Requirement: In the entries below, spot each line with the word "object" and copy it.

Supplied data:

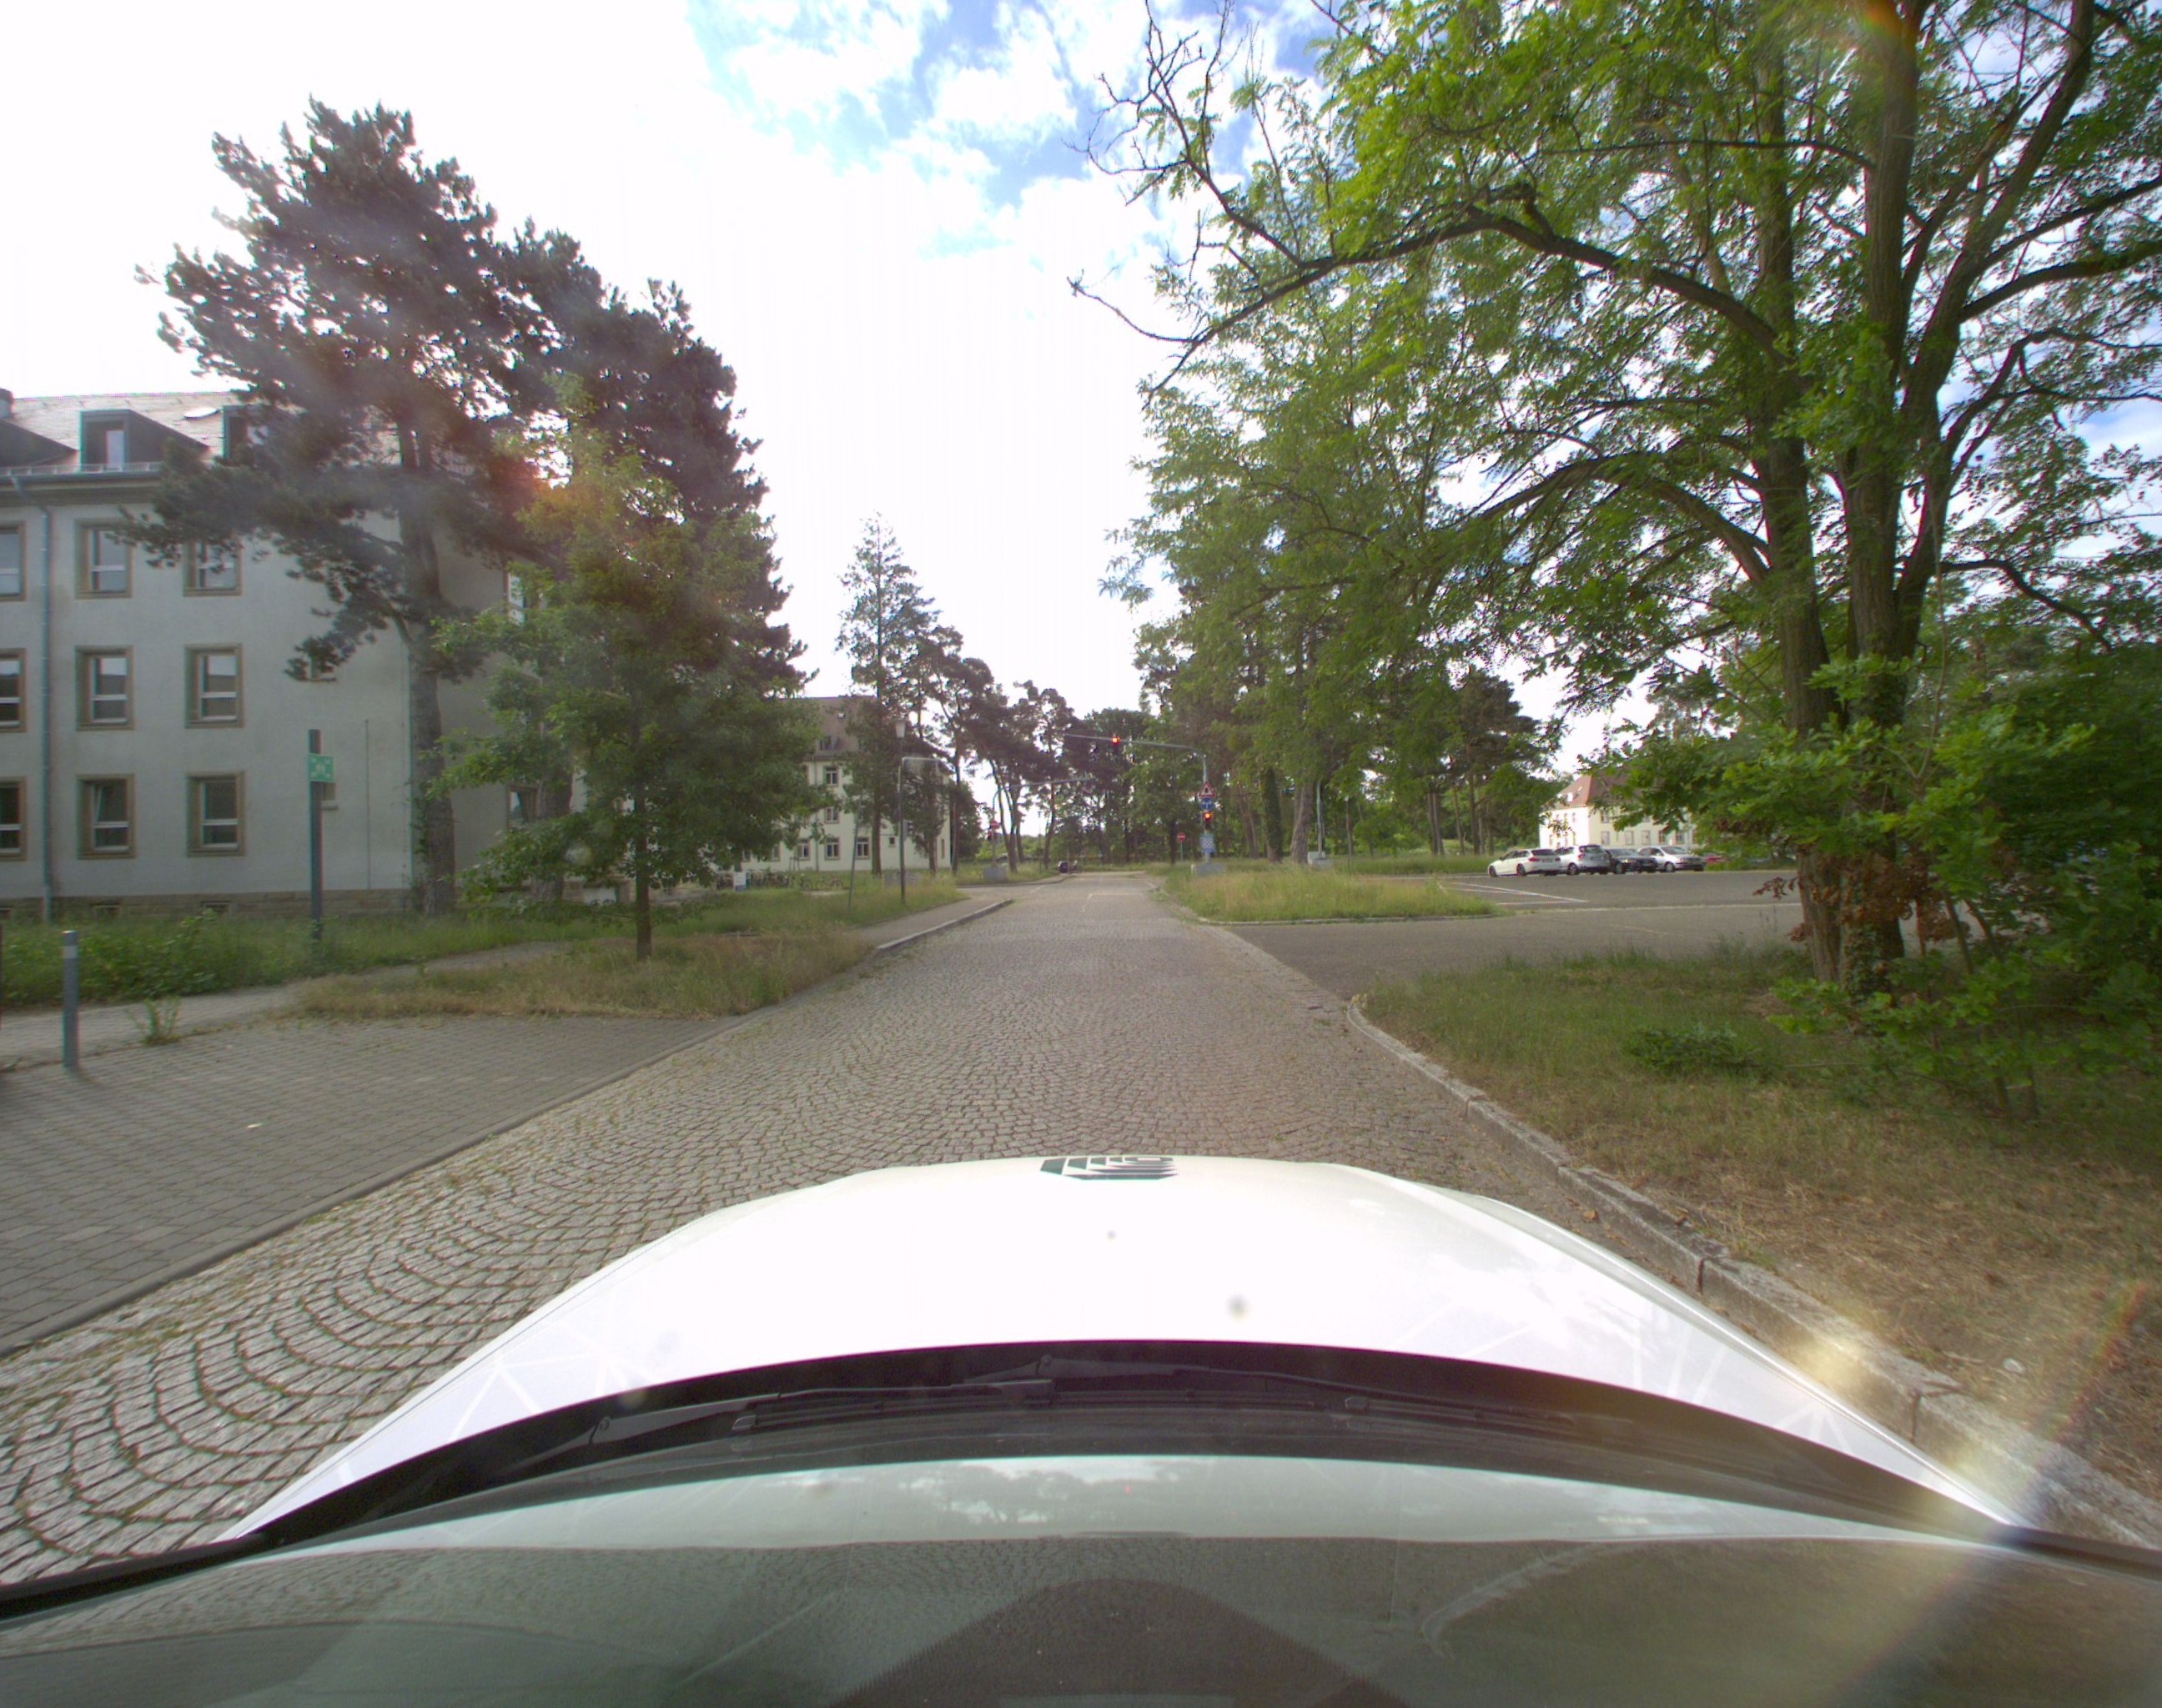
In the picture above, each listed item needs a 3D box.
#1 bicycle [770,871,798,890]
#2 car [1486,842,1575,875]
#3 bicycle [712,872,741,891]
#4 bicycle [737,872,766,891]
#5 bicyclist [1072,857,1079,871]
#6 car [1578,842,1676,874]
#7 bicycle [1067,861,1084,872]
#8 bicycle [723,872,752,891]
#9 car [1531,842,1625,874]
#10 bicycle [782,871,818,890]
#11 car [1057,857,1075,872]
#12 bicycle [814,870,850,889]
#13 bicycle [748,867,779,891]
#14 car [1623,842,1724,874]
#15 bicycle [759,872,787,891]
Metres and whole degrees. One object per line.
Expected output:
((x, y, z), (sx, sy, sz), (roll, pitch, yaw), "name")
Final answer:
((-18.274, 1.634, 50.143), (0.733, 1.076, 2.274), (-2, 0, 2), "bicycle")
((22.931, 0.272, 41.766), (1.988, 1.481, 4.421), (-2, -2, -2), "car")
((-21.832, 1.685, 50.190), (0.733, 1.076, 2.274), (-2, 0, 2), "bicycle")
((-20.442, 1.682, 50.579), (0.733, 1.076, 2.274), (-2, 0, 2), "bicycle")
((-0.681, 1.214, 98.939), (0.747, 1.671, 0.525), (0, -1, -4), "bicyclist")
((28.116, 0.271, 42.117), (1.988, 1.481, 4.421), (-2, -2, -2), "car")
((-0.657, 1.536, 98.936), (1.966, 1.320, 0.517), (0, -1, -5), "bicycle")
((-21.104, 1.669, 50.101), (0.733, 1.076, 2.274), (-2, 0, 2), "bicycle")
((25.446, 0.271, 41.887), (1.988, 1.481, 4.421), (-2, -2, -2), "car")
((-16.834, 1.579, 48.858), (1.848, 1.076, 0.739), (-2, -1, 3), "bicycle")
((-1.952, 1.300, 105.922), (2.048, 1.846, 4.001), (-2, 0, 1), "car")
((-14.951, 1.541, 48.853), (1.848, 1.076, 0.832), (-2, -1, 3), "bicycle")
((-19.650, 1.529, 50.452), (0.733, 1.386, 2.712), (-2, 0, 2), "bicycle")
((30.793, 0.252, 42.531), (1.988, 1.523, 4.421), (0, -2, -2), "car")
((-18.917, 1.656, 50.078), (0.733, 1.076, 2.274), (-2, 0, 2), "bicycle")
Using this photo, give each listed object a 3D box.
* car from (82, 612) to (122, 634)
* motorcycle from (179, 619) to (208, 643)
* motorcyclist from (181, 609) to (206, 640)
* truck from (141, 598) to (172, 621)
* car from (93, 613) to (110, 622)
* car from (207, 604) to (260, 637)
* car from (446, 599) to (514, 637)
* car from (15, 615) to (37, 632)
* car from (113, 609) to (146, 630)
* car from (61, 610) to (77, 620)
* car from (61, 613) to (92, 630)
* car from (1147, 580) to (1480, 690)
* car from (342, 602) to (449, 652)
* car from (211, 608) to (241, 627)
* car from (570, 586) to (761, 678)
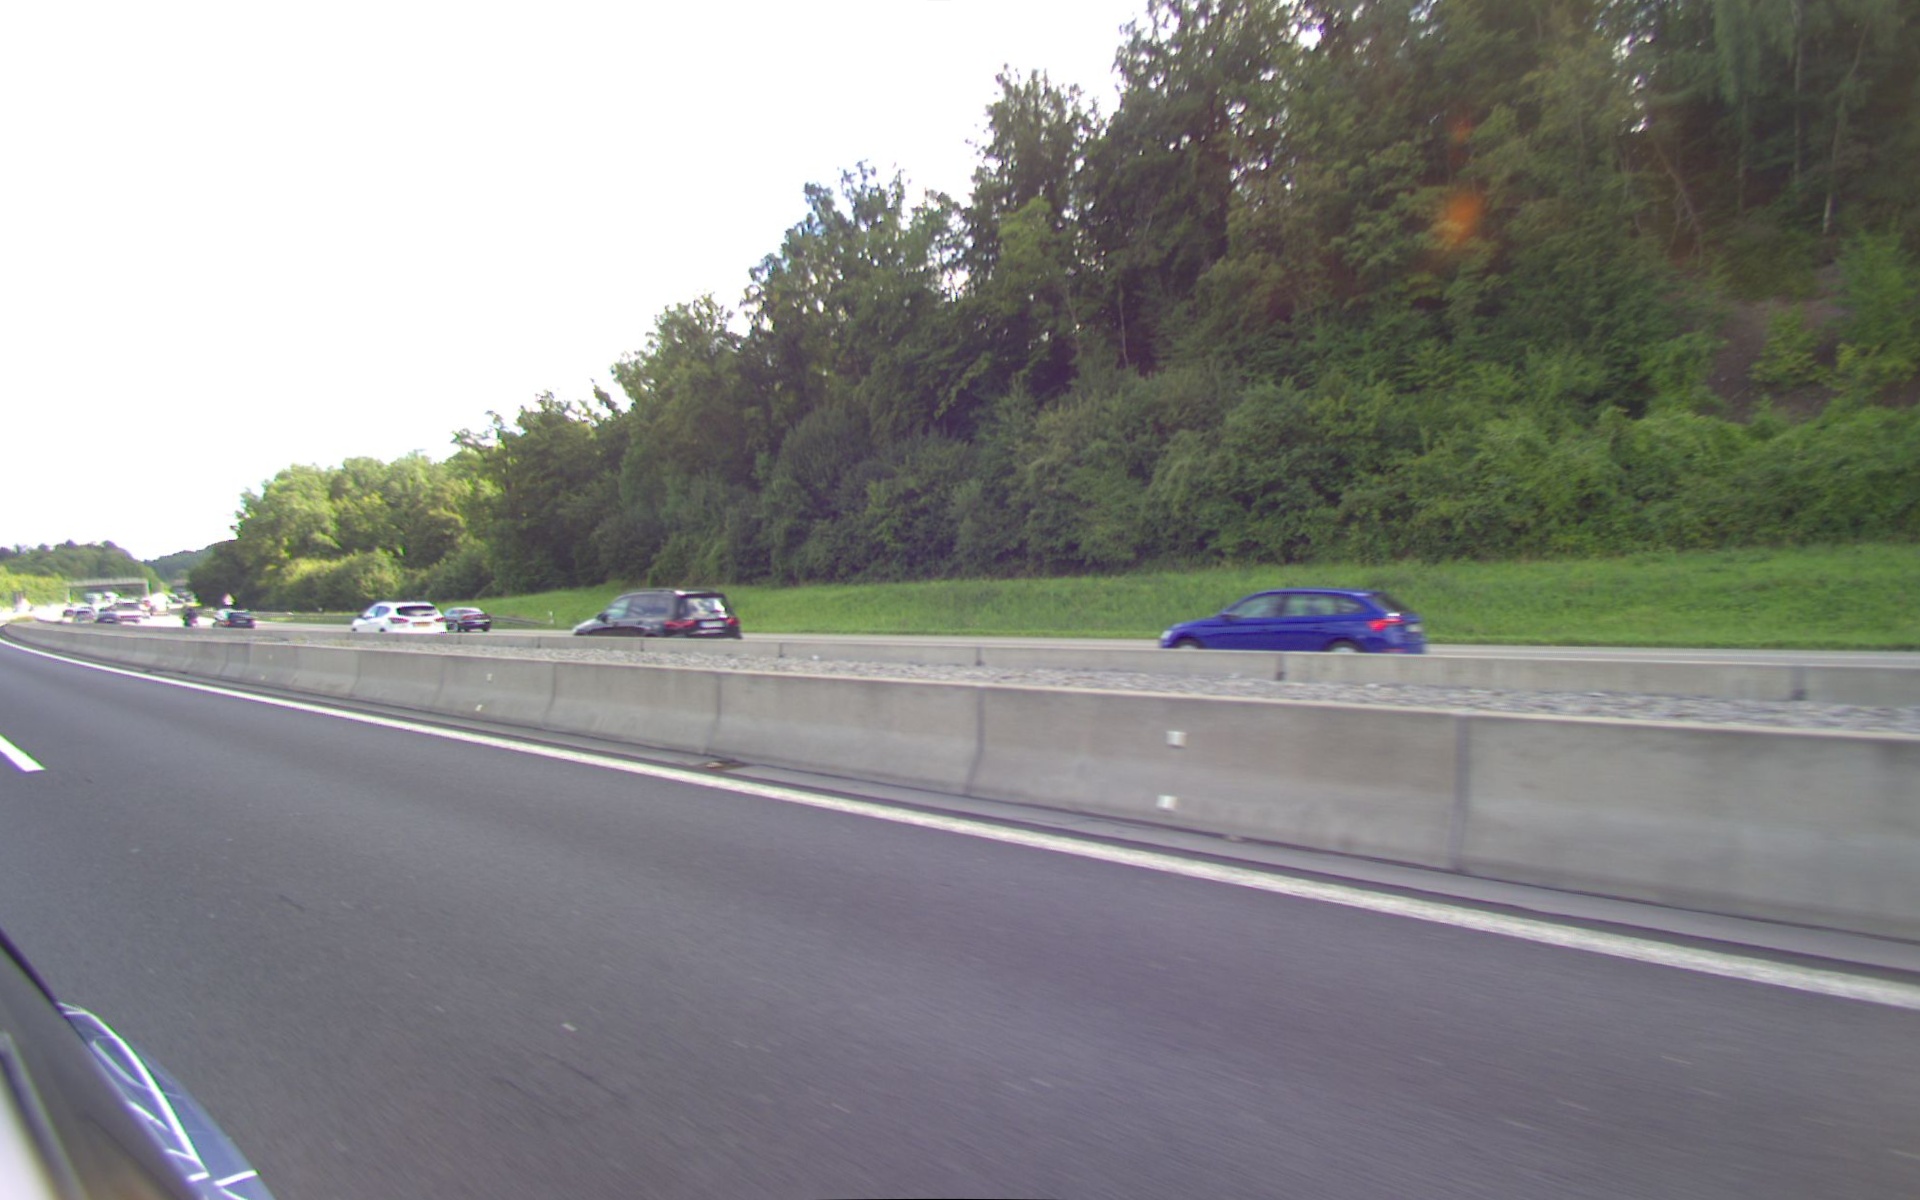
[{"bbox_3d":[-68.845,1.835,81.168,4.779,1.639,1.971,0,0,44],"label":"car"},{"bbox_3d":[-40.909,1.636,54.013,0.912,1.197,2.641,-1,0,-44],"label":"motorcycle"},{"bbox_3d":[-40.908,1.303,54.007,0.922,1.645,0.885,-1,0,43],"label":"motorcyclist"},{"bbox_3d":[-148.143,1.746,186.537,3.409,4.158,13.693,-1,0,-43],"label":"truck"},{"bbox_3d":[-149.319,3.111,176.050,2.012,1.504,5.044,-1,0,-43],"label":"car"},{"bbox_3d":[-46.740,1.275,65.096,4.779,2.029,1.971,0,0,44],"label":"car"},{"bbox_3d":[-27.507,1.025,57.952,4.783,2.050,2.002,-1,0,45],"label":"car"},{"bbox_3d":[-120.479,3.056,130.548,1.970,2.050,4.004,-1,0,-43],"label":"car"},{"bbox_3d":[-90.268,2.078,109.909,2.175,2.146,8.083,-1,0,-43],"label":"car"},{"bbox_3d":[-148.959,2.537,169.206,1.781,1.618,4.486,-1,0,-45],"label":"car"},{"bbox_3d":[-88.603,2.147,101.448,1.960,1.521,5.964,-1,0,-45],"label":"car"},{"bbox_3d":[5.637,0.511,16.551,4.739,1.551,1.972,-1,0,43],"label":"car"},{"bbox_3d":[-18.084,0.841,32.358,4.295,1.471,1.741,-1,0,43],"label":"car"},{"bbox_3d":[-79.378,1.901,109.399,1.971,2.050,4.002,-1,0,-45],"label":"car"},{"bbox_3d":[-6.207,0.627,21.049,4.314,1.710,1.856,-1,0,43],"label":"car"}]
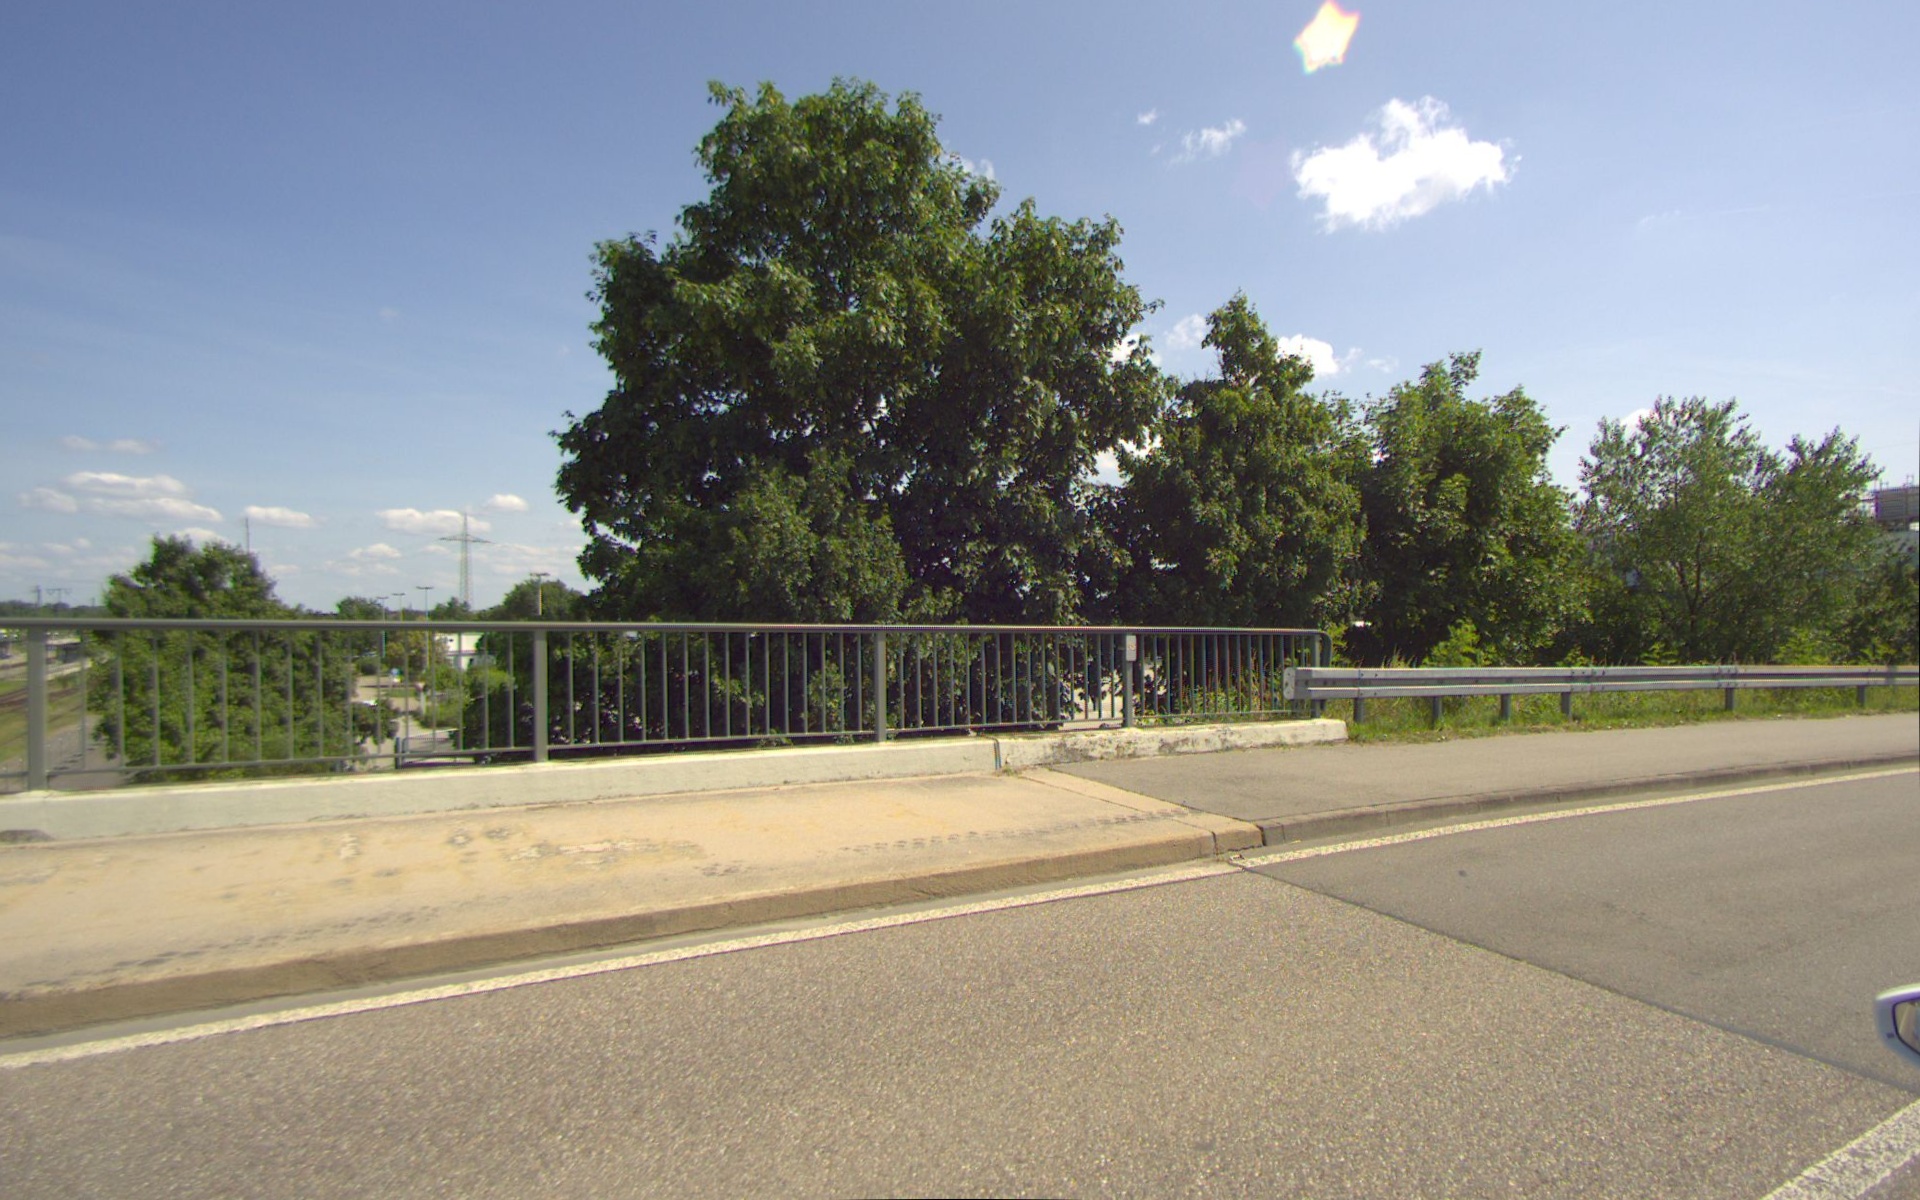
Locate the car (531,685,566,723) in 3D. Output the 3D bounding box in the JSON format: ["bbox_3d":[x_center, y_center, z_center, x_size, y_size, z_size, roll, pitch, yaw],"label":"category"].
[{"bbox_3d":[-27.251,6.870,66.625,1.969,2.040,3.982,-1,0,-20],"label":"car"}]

Answer space:
Metres and whole degrees. One object per line.
Using this photo, give each listed object a 3D box.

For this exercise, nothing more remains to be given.